Il revient donc à l'employeur de prouver que ces agissements ne sont pas constitutifs d'un tel harcèlement.

L'employeur justifie de ce que dès le 30 juin 2016, M. [N], a donné toutes les instructions à l'équipe au sujet des coordonnées des interlocuteurs désignés pendant l'arrêt maladie de [J] [R]. Son courriel est rédigé comme suit:

« Cher [B],

Merci pour ta note de ce jour, m'informant que [J] est en arrêt de travail jusqu'au 18 juillet prochain.

Je pense que c'est important que [J] se rétablisse en paix, donc je voudrais envoyer une lettre à tous les clients, pour leur donner les coordonnées d'un autre interlocuteur en son absence.

Je propose que tous les clients français vous contactent.

Tous les autres clients européens contacteront [O].

En soutien, les clients pourront également me contacter.

Est-ce que je peux vous demander d'envoyer demain après-midi le mail que [O] et [A] ont préparé '

Je suis aussi vigilent sur le fait de savoir comment vous allez gérer la situation en l'absence de [J].

Nous allons prévoir un meeting à [Localité 7] avec [O] (comme vous ne pouvez pas vous déplacer à cause de votre blessure au pied) pour discuter des moyens dont vous aurez besoin en l'absence de [J]. [O] vous appellera demain pour vous faire part de ses disponibilités. »

La société justifie dans sa pièce n°8 des communications qu'elle a adressées aux clients et partenaires professionnels au sujet de l'absence de M. [R], fournissant à ces derniers les coordonnées d'autres interlocuteurs à joindre pendant cette période.

Elle justifie également de ce qu'elle a bien organisé le transfert de son siège social, initialement situé au domicile de M. [R], et produit aux débats le courriel du 29 décembre 2016 que lui a adressé à cet égard M. [X] [H], rédigé dans les termes suivants : « Cher [J], comme vous le savez, nous avons ouvert un nouveau bureau à [Localité 7] ou [B] travaille désormais. Afin de consolider notre activité en France, nous avons décidé de transférer le siège social de notre succursale à notre adresse parisienne. La décision de transférer le siège social a été décidée par l'assemblée et fait actuellement l'objet de la procédure d'enregistrement. Nous procéderons bien entendu au paiement du 4e trimestre pour la domiciliation de notre entreprise votre adresse mais aucun paiement ne sera fait à l'avenir. ».

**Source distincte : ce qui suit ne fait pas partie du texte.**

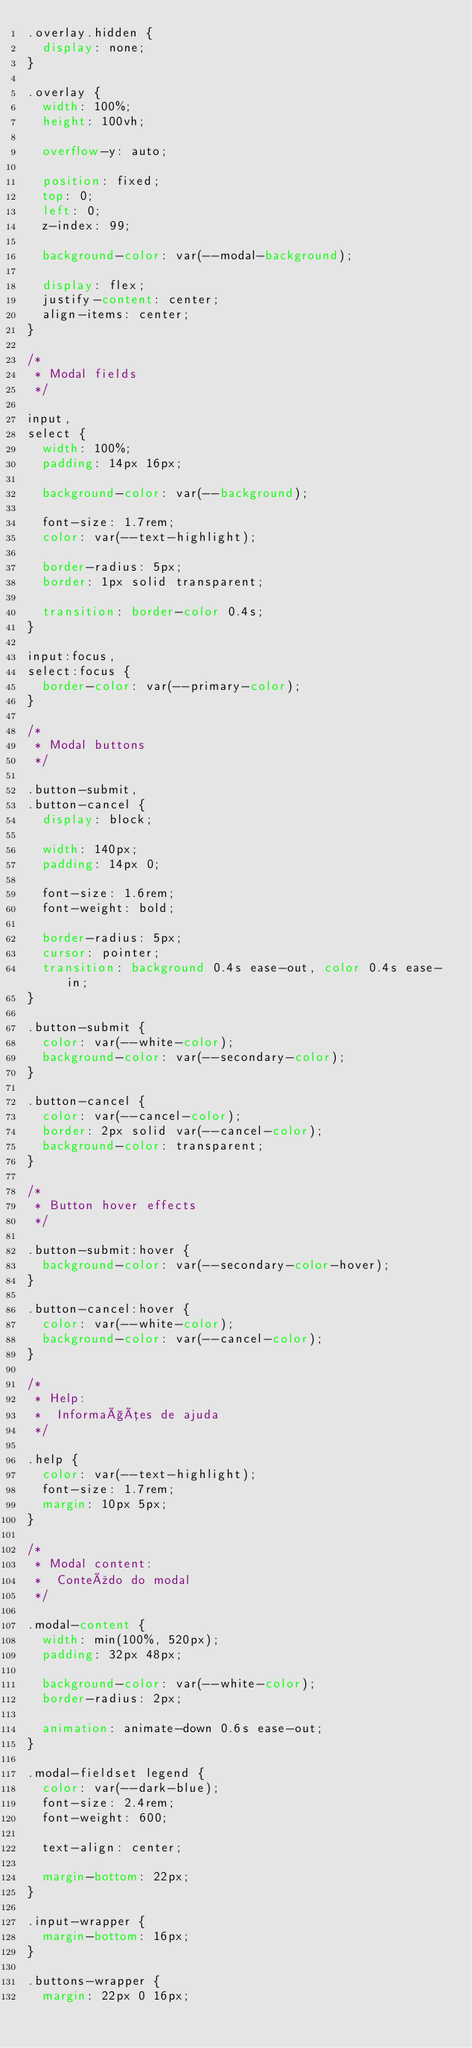<code> <loc_0><loc_0><loc_500><loc_500><_CSS_>.overlay.hidden {
  display: none;
}

.overlay {
  width: 100%;
  height: 100vh;

  overflow-y: auto;

  position: fixed;
  top: 0;
  left: 0;
  z-index: 99;

  background-color: var(--modal-background);

  display: flex;
  justify-content: center;
  align-items: center;
}

/* 
 * Modal fields
 */

input,
select {
  width: 100%;
  padding: 14px 16px;

  background-color: var(--background);

  font-size: 1.7rem;
  color: var(--text-highlight);

  border-radius: 5px;
  border: 1px solid transparent;

  transition: border-color 0.4s;
}

input:focus,
select:focus {
  border-color: var(--primary-color);
}

/* 
 * Modal buttons
 */

.button-submit,
.button-cancel {
  display: block;

  width: 140px;
  padding: 14px 0;

  font-size: 1.6rem;
  font-weight: bold;

  border-radius: 5px;
  cursor: pointer;
  transition: background 0.4s ease-out, color 0.4s ease-in;
}

.button-submit {
  color: var(--white-color);
  background-color: var(--secondary-color);
}

.button-cancel {
  color: var(--cancel-color);
  border: 2px solid var(--cancel-color);
  background-color: transparent;
}

/* 
 * Button hover effects
 */

.button-submit:hover {
  background-color: var(--secondary-color-hover);
}

.button-cancel:hover {
  color: var(--white-color);
  background-color: var(--cancel-color);
}

/* 
 * Help:
 *  Informações de ajuda
 */

.help {
  color: var(--text-highlight);
  font-size: 1.7rem;
  margin: 10px 5px;
}

/* 
 * Modal content:
 *  Conteúdo do modal
 */

.modal-content {
  width: min(100%, 520px);
  padding: 32px 48px;

  background-color: var(--white-color);
  border-radius: 2px;

  animation: animate-down 0.6s ease-out;
}

.modal-fieldset legend {
  color: var(--dark-blue);
  font-size: 2.4rem;
  font-weight: 600;

  text-align: center;

  margin-bottom: 22px;
}

.input-wrapper {
  margin-bottom: 16px;
}

.buttons-wrapper {
  margin: 22px 0 16px;
</code> 
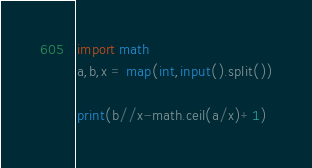Convert code to text. <code><loc_0><loc_0><loc_500><loc_500><_Python_>import math
a,b,x = map(int,input().split())

print(b//x-math.ceil(a/x)+1)</code> 
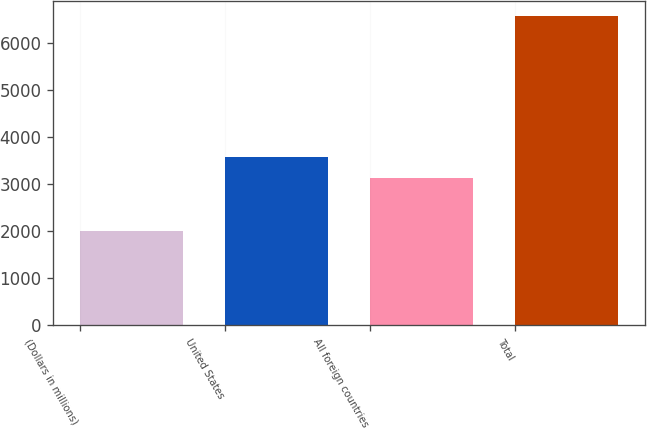Convert chart. <chart><loc_0><loc_0><loc_500><loc_500><bar_chart><fcel>(Dollars in millions)<fcel>United States<fcel>All foreign countries<fcel>Total<nl><fcel>2004<fcel>3581.6<fcel>3124<fcel>6580<nl></chart> 
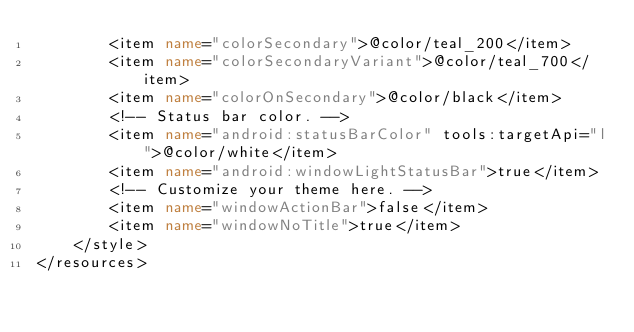<code> <loc_0><loc_0><loc_500><loc_500><_XML_>        <item name="colorSecondary">@color/teal_200</item>
        <item name="colorSecondaryVariant">@color/teal_700</item>
        <item name="colorOnSecondary">@color/black</item>
        <!-- Status bar color. -->
        <item name="android:statusBarColor" tools:targetApi="l">@color/white</item>
        <item name="android:windowLightStatusBar">true</item>
        <!-- Customize your theme here. -->
        <item name="windowActionBar">false</item>
        <item name="windowNoTitle">true</item>
    </style>
</resources></code>

Aux termes d'un courriel du 21 février 2017, M. [B] [T] a dûment informé les divers contacts de la société de ce qu'une responsable 'compte clés' basée au bureau parisien venait d'être recrutée, leur a indiqué que malheureusement M. [J] [R] était toujours en arrêt maladie et leur a donné les coordonnées à utiliser, à savoir [B] [T] ou [A] [M].

Suite au transfert effectif du siège social de la société à compter du 1 er novembre 2016, celle-ci a informé, par courriel du 31 octobre 2016, l'ensemble des clients de sa nouvelle adresse (sa pièce n°11).

La société justifie ainsi avoir réalisé des démarches de nature à assurer l'intérim de M. [R] en son absence, ce qui n'a cependant pas empêché certains clients de contacter ce dernier sur son numéro de téléphone et adresse email personnels; ce qui ne peut apparaître constitutif d'un harcèlement moral à la charge de la société.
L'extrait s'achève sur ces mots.